Data for review
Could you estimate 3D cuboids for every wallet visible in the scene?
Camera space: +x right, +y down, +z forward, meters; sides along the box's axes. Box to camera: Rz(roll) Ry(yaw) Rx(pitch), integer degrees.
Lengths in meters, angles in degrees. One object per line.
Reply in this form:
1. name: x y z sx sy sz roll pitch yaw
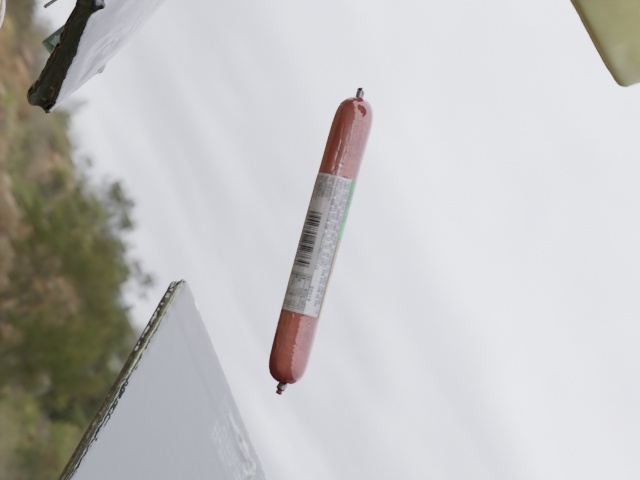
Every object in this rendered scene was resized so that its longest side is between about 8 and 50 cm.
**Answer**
1. wallet: -0.092 -0.207 1.188 0.030 0.285 0.146 38 -33 3

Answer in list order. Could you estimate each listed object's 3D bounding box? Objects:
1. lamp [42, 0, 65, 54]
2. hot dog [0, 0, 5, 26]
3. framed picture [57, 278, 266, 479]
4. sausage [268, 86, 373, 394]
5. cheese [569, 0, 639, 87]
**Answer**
1. lamp: -0.268 -0.237 1.879 0.041 0.054 0.121 40 -18 0
2. hot dog: -0.253 -0.166 1.144 0.140 0.090 0.060 55 6 -17
3. framed picture: -0.107 0.221 1.207 0.338 0.014 0.255 -65 141 -54
4. sausage: 0.000 0.000 1.221 0.029 0.029 0.223 180 -74 -80
5. cheese: 0.248 -0.251 1.058 0.242 0.265 0.124 58 18 -23
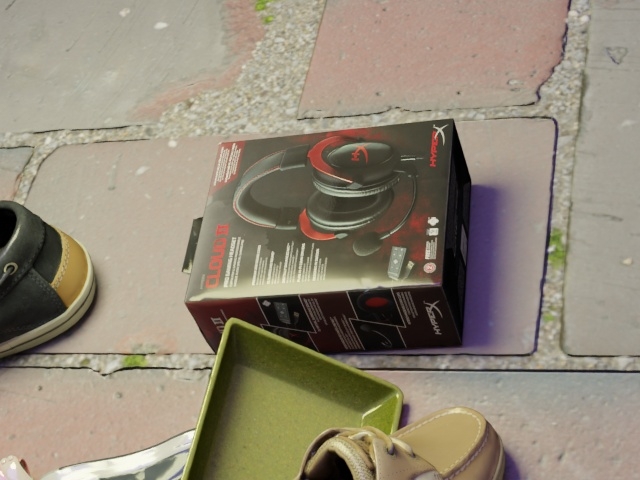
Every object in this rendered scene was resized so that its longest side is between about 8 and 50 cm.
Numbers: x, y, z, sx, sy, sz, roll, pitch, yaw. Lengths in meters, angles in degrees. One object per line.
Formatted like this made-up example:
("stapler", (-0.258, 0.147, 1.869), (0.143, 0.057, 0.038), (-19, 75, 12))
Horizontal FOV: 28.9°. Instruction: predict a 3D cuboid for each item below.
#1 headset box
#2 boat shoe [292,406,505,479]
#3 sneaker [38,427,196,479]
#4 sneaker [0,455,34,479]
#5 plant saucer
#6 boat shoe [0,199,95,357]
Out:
("headset box", (0.000, 0.000, 1.287), (0.293, 0.110, 0.218), (-4, 51, 17))
("boat shoe", (0.042, 0.208, 1.017), (0.122, 0.110, 0.341), (0, 20, 39))
("sneaker", (-0.135, 0.267, 1.140), (0.226, 0.086, 0.163), (-17, 56, -4))
("sneaker", (-0.335, 0.240, 1.253), (0.134, 0.051, 0.070), (26, 69, 26))
("plant saucer", (-0.029, 0.190, 1.135), (0.188, 0.045, 0.188), (24, 53, -13))
("boat shoe", (-0.498, 0.095, 1.367), (0.500, 0.156, 0.187), (-23, 50, 3))
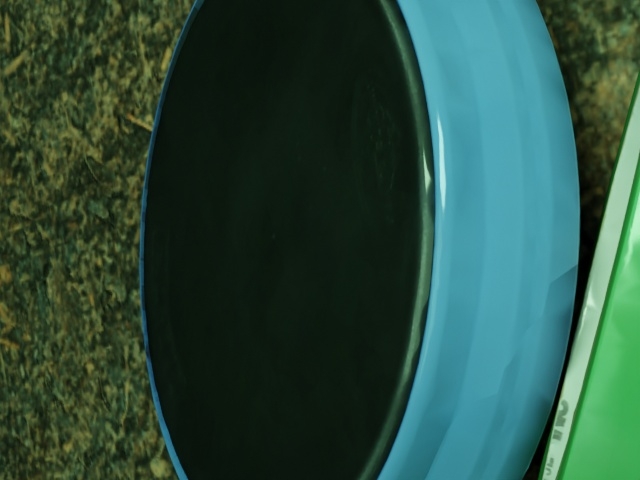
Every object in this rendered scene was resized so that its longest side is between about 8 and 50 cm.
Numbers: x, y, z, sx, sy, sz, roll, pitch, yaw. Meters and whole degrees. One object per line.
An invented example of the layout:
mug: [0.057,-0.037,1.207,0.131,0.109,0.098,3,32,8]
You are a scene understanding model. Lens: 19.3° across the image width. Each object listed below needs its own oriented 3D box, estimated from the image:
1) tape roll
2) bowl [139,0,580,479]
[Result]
tape roll: [0.155,0.024,0.812,0.077,0.321,0.321,13,107,6]
bowl: [0.000,0.000,1.052,0.391,0.077,0.391,-8,81,61]

About this exercise
Could you output the lines above, exactly as written, from the one containing "You are a scene" through the last, with both ends included and no others?

Answer box
You are a scene understanding model. Lens: 19.3° across the image width. Each object listed below needs its own oriented 3D box, estimated from the image:
1) tape roll
2) bowl [139,0,580,479]
[Result]
tape roll: [0.155,0.024,0.812,0.077,0.321,0.321,13,107,6]
bowl: [0.000,0.000,1.052,0.391,0.077,0.391,-8,81,61]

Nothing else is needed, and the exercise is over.